Aku mendengar Ethan menanyakan hal itu.  Iya, aku mendengarnya. Sangat jelas.  Akan tetapi, rupanya aku sedang tidak ingin membahasnya. Jadi aku hanya menggelengkan kepalaku dan mengedikkan bahuku. Tidak mau tahu. 

Tiba-tiba aku merasakan tepukan hangat di atas kepalaku, sontak aku berbalik melihat siapa pelakunya. 

"Ck,  Varo,  gua bukan anak kecil lagi." Aku merenggut, namun tak dipungkiri aku menyukai tepukan hangat itu. 

"Makan sana, tar maag lo kambuh gua ogah rawatnya." Katanya terdengar malas tapi tulus. 

Tanpa banyak berkata, aku pun langsung pergi meninggalkan Alvaro dan Ethan. 

Menghela napas, berusaha tidak peduli apa yang akan mereka katakan, walau aku yakin mereka akan membicarakan aku. 

*****

Sesaat setelah Alvera pergi, Alvaro menggantikan adiknya duduk di sebelah Ethan. 

"Bahas 'itu' lagi? Dia udh beku Than, susah," kata Varo sembari menghela napas. 

"Setidaknya gua mencoba. Setidaknya gua ga mengulangi kesalahan lama, Ro.
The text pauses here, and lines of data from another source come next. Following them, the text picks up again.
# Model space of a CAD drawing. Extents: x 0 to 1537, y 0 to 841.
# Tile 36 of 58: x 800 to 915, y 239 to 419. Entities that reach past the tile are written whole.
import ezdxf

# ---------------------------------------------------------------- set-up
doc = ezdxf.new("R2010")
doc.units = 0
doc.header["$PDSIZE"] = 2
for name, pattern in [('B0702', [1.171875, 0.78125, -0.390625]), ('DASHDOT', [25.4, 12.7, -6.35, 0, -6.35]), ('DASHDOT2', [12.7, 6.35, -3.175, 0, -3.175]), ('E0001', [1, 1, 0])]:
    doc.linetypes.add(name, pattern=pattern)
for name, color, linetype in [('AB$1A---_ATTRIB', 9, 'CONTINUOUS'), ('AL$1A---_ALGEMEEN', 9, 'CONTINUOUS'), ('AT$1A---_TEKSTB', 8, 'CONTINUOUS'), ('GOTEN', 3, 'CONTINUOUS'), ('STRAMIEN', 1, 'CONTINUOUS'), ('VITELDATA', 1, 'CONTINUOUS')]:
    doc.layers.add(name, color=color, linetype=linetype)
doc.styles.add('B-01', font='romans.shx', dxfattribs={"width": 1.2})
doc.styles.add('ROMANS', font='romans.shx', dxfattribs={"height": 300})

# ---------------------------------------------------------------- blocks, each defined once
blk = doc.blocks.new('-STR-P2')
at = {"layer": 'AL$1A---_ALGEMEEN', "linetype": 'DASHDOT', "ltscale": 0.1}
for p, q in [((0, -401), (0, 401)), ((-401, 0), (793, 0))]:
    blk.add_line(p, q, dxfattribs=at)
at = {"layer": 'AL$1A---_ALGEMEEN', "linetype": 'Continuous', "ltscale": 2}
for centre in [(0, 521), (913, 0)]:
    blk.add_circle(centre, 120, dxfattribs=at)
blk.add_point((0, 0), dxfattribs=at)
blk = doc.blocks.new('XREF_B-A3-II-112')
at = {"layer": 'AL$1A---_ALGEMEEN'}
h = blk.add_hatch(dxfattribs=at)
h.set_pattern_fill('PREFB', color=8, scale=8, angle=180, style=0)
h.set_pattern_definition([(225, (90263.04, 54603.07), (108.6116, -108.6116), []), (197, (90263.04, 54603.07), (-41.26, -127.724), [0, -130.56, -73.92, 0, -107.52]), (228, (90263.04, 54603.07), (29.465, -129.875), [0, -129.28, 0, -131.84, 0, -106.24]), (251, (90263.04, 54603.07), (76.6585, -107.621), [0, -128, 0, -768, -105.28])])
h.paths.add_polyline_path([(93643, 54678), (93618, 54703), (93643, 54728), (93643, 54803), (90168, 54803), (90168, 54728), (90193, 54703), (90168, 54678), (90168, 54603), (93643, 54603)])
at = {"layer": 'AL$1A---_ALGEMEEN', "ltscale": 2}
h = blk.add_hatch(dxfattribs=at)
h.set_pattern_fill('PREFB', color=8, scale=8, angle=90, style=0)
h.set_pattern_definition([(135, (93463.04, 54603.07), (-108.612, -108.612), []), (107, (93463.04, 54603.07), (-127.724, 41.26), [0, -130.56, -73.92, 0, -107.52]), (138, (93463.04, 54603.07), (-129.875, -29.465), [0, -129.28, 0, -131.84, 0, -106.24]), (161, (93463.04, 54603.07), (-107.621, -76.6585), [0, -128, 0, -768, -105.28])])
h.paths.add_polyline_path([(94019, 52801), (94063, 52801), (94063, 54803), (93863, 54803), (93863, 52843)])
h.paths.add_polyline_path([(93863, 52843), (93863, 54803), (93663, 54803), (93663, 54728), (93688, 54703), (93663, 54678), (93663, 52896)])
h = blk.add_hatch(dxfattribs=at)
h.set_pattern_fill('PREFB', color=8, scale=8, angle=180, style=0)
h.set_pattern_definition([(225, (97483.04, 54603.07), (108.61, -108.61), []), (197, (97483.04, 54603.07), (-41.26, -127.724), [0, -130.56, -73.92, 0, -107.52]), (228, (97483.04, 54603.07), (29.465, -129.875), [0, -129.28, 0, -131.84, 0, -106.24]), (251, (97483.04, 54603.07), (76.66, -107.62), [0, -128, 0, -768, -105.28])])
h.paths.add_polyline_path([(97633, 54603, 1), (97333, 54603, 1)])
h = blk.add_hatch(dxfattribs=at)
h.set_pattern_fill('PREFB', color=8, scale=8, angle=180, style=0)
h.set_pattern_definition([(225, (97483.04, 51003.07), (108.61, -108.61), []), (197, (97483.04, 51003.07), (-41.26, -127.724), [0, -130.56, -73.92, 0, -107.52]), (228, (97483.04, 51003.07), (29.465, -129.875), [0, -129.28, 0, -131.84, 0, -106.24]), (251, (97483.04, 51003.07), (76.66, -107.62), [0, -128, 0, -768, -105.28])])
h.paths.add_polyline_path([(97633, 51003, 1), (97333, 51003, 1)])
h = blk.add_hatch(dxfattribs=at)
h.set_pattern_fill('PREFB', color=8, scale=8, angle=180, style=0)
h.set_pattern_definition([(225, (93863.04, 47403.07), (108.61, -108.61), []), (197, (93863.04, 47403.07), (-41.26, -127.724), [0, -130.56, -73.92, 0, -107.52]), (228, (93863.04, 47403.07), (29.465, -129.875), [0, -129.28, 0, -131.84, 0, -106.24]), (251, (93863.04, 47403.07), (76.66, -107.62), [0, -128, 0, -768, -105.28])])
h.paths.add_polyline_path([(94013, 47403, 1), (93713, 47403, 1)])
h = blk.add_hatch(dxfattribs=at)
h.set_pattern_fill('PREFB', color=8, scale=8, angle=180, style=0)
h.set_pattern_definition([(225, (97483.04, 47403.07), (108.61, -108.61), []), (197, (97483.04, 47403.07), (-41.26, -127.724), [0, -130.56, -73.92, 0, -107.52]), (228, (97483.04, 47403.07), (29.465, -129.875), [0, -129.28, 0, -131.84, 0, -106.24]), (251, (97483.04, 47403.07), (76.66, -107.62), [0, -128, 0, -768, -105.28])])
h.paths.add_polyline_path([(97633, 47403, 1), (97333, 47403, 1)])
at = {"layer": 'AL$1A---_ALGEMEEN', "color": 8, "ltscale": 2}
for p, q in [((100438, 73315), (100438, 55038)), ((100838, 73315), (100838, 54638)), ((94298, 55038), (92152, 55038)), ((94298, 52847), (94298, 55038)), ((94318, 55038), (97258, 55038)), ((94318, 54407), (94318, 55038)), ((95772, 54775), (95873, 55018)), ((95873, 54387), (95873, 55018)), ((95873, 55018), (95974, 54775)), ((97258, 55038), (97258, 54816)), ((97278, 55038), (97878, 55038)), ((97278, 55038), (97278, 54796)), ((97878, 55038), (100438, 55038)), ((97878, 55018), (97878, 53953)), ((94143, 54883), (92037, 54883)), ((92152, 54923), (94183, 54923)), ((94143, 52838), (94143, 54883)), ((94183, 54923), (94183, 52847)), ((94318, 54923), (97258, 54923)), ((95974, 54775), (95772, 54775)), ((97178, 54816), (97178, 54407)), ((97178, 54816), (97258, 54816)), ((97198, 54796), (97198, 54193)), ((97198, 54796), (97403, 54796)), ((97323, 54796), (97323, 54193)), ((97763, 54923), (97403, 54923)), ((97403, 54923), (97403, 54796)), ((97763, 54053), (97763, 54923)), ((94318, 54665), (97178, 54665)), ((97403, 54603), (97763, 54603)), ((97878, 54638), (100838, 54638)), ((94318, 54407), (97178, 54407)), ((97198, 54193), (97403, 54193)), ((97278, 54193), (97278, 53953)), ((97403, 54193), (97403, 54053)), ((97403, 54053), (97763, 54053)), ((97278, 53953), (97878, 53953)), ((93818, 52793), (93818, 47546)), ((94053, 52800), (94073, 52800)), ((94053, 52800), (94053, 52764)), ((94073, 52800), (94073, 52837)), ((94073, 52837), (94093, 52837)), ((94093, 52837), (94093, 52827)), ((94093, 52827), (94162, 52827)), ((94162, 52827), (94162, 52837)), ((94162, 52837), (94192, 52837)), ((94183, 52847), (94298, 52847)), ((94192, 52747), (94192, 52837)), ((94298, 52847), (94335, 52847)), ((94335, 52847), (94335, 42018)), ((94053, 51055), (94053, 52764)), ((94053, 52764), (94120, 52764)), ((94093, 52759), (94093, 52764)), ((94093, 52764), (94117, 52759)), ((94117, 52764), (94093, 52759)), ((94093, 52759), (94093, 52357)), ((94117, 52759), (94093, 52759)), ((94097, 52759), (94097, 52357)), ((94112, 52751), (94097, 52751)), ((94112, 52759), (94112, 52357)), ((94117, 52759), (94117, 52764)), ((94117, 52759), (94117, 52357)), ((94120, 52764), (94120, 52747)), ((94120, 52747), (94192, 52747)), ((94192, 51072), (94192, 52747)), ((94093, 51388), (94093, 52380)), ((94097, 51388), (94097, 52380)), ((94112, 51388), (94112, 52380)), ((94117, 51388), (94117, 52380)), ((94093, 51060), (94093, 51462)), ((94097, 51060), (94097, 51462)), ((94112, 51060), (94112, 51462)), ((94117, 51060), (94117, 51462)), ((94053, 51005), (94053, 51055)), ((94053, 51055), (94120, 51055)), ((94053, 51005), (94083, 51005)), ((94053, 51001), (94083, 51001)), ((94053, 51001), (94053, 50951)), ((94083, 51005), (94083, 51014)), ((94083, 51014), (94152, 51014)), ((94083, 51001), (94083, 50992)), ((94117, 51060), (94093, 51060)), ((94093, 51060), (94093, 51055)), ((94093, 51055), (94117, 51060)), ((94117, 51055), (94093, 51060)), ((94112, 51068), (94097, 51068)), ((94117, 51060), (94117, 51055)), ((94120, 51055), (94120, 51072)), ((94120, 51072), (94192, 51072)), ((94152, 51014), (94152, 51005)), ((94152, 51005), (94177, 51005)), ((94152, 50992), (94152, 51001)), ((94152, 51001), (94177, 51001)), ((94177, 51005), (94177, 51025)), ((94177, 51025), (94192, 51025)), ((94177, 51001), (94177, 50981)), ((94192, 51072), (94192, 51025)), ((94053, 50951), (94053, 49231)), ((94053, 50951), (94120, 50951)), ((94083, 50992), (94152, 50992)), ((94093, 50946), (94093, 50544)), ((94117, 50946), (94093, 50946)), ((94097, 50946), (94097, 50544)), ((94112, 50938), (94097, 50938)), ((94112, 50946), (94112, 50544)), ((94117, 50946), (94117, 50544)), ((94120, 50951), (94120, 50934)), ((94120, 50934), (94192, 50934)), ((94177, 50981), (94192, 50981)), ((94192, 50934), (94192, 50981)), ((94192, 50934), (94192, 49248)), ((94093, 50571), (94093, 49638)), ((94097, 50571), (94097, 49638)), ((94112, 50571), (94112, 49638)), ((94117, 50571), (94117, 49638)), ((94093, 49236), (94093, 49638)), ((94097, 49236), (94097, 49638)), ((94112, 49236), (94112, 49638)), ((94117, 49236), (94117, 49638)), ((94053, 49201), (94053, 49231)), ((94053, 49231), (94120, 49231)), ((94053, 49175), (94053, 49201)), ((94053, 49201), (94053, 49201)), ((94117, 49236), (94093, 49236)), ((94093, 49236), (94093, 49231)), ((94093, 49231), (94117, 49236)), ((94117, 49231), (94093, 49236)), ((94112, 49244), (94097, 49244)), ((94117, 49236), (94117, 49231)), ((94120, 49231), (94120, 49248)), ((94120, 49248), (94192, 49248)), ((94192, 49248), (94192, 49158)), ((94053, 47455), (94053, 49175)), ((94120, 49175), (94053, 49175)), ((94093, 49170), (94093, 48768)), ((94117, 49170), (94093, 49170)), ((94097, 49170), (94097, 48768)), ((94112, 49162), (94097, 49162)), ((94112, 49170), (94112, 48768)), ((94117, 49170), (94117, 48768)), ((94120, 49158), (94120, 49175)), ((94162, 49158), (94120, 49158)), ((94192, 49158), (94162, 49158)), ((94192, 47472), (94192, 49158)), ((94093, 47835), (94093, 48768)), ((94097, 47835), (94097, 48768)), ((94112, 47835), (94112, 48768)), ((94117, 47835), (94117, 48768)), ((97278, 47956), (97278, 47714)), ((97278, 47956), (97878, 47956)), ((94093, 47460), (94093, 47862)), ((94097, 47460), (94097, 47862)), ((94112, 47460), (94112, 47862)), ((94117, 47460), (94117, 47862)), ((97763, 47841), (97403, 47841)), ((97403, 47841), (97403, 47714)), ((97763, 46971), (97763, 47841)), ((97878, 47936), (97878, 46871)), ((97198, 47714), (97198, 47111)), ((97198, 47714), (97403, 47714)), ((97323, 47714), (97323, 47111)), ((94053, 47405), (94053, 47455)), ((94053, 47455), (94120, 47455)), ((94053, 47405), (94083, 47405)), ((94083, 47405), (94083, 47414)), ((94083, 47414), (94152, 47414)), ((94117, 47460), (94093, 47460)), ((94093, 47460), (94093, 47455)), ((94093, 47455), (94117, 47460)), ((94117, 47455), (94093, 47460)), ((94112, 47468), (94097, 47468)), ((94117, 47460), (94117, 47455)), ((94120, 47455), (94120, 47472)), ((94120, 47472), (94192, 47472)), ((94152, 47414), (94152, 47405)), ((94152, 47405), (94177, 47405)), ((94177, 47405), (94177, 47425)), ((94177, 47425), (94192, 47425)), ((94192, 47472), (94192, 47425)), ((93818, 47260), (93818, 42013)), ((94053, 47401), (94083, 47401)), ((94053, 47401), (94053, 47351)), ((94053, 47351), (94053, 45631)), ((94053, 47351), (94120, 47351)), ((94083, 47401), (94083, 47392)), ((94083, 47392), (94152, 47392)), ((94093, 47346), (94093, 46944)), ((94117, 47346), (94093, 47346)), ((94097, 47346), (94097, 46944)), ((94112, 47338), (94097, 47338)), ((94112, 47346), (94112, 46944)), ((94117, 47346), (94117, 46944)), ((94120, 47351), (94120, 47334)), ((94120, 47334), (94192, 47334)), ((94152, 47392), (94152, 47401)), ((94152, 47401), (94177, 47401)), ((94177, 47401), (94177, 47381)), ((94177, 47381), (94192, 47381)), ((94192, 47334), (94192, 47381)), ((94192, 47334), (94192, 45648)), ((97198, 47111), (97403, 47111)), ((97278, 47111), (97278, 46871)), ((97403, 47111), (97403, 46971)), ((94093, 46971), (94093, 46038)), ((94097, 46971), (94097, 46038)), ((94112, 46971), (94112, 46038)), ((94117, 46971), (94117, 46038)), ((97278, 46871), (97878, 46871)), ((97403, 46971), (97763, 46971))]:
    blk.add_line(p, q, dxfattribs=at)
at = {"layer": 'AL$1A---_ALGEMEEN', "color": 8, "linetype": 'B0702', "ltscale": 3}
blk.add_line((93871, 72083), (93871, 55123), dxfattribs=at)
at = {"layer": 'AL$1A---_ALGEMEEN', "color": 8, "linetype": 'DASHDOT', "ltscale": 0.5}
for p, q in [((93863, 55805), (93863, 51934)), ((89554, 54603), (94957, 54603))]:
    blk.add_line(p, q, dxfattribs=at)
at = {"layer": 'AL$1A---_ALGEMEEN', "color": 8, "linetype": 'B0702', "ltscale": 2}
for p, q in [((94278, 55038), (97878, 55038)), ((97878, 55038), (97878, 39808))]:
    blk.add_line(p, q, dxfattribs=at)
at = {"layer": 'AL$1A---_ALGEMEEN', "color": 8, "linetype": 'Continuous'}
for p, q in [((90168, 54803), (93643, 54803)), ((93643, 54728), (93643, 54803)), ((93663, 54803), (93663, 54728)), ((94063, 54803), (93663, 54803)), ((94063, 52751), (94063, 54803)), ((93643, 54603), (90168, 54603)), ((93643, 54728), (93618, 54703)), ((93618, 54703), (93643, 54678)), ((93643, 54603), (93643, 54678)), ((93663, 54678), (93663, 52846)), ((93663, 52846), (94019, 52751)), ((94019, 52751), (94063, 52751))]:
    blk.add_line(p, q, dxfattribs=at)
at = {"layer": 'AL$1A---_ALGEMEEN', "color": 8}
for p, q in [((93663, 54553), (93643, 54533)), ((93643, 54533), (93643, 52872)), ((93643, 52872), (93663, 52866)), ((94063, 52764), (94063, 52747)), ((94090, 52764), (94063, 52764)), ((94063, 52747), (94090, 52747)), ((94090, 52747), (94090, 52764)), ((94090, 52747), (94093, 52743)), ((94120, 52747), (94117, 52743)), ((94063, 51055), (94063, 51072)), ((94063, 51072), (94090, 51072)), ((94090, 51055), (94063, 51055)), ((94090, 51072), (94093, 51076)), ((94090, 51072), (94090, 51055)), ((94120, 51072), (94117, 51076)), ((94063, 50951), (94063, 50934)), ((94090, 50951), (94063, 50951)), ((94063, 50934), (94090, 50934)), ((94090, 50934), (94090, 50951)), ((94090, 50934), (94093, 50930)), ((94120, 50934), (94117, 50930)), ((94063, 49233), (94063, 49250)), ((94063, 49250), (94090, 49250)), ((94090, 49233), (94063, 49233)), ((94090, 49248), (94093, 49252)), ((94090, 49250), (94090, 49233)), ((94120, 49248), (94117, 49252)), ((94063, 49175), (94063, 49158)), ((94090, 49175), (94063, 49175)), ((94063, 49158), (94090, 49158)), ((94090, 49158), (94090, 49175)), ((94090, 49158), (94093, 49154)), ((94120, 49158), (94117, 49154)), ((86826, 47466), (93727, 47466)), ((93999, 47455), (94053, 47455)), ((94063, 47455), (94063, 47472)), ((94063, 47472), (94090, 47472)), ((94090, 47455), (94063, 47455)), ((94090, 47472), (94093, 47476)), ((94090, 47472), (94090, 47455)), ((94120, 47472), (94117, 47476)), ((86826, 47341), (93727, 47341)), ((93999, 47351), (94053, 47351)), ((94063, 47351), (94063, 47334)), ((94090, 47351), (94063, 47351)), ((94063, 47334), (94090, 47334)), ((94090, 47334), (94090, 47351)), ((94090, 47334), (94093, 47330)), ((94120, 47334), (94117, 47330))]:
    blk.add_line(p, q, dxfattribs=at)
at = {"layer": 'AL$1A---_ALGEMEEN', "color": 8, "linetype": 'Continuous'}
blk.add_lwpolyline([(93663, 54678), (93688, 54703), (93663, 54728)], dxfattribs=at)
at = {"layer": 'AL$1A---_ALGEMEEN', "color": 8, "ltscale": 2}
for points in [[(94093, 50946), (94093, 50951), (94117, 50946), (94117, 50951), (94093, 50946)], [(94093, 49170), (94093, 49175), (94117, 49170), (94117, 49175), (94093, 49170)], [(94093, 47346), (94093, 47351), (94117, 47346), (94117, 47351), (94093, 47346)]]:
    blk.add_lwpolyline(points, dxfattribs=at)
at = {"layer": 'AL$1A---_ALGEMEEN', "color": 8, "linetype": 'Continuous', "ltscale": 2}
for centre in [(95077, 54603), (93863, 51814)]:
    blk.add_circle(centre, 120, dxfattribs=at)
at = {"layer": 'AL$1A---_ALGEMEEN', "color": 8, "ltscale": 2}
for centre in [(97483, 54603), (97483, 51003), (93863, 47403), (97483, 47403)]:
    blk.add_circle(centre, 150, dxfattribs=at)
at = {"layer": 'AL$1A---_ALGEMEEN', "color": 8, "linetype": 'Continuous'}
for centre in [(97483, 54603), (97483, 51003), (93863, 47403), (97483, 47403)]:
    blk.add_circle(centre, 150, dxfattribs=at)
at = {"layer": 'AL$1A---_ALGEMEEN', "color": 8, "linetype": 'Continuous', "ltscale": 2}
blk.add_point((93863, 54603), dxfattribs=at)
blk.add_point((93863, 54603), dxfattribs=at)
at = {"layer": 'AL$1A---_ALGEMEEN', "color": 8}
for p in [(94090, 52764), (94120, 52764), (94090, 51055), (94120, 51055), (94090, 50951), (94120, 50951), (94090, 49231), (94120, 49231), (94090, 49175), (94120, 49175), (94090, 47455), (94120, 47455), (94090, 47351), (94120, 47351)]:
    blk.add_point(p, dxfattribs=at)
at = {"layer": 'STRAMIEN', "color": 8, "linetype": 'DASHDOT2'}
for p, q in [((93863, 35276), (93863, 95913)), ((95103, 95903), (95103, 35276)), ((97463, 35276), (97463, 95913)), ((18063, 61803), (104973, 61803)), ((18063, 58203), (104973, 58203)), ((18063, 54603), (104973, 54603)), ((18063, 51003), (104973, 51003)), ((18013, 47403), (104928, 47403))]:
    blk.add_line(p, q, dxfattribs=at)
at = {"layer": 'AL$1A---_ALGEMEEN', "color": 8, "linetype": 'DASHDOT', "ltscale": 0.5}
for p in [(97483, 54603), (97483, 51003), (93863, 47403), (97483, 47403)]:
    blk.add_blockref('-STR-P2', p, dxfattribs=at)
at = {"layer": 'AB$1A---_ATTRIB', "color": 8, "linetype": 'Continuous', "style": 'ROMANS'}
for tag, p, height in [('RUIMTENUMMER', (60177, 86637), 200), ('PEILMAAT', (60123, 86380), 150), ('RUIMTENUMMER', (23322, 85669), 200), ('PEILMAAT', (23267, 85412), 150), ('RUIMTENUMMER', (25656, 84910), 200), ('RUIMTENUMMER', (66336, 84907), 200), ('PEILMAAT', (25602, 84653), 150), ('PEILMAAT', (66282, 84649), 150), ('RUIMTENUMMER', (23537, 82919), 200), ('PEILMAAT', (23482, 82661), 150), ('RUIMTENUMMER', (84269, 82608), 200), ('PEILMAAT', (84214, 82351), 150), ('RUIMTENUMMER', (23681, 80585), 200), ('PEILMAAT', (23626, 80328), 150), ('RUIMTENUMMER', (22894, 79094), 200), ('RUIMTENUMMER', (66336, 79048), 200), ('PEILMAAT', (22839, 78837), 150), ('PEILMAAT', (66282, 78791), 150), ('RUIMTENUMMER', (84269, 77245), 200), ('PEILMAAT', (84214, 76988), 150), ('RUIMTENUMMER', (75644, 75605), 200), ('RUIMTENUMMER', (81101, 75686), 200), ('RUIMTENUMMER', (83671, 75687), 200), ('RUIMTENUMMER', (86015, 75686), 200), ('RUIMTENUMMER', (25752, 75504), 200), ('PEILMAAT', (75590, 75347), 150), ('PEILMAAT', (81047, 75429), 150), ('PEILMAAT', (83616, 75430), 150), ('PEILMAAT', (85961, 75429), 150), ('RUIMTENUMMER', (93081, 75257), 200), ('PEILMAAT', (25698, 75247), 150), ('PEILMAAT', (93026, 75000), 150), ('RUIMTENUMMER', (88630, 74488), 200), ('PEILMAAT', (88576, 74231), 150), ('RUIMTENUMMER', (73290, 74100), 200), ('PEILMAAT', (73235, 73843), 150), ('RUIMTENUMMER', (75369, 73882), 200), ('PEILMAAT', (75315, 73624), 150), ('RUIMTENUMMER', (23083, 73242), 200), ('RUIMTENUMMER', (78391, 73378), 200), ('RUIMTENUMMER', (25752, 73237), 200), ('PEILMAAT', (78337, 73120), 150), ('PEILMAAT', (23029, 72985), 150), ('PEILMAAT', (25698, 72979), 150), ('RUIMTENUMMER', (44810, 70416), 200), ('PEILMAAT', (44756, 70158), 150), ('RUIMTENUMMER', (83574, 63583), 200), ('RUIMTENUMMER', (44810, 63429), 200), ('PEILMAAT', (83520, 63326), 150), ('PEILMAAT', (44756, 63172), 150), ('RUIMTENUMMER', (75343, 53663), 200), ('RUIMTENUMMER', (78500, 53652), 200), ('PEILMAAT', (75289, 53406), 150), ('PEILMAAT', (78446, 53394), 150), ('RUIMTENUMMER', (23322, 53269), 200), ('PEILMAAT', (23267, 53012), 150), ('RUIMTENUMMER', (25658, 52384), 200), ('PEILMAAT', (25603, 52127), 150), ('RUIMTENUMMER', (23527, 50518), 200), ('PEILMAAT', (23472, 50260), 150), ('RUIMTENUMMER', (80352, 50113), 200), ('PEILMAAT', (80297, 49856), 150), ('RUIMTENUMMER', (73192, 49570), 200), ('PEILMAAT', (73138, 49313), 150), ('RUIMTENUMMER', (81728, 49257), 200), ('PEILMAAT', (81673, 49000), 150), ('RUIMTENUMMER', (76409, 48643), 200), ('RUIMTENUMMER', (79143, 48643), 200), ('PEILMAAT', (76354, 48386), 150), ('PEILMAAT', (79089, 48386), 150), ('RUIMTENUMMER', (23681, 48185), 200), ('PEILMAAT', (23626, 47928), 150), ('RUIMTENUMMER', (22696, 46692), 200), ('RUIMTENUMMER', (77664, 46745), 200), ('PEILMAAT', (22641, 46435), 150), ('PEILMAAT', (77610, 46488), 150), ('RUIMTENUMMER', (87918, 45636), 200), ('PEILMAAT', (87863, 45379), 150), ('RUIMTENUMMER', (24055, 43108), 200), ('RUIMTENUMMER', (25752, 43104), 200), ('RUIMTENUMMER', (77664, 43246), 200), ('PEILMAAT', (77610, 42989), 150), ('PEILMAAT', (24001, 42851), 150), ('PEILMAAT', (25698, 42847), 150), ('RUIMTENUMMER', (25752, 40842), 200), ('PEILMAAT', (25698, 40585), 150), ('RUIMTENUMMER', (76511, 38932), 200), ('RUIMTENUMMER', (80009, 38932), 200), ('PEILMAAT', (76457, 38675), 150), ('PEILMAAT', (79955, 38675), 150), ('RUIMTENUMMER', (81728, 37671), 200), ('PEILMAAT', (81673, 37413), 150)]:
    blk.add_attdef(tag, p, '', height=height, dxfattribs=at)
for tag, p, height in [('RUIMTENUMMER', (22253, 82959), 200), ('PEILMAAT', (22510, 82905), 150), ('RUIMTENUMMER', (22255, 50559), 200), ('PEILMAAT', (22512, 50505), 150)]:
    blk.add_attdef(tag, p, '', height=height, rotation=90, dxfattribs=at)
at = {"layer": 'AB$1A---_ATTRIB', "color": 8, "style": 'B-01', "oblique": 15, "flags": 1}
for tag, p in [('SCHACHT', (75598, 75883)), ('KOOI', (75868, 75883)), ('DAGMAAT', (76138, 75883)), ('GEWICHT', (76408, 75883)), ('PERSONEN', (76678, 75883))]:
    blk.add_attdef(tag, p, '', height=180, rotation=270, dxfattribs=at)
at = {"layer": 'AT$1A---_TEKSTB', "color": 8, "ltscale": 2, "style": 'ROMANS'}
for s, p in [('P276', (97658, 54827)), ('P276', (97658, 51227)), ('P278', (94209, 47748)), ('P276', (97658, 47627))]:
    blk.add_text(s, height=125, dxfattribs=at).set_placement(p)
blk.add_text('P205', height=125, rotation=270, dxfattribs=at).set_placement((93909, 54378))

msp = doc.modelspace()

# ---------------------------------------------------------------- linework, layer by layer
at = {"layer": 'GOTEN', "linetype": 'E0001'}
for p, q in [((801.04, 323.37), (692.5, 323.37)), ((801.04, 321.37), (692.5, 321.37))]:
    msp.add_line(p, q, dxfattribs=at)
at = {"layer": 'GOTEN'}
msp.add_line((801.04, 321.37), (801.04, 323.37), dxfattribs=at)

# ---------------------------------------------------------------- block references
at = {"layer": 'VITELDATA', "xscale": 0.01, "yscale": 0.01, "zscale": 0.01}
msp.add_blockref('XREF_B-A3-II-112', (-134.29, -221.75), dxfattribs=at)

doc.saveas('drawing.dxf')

Lo tau betapa menyesalnya gue sejak itu, kan?" terawang Ethan kedepan. 

"Me too,  Than. Dia adik gue."

Lagi.  Mereka berdua bersamaan menghela napas mereka, menyesal.

"Gua sadar Ro, ternyata, apa yang baik bagi kita, belum tentu baik untuk orang lain, khususnya Vera. Entah apa yang kita lakukan kemarin memang untuk Vera, atau malah sebenarnya kita cuma bentuk tameng tak kasat mata untuk melindungi diri kita sendiri," renung Ethan.

"Dan setelah kita sadar, ternyata Vera udah berjalan jauh di depan kita, Than," tambah Varo. 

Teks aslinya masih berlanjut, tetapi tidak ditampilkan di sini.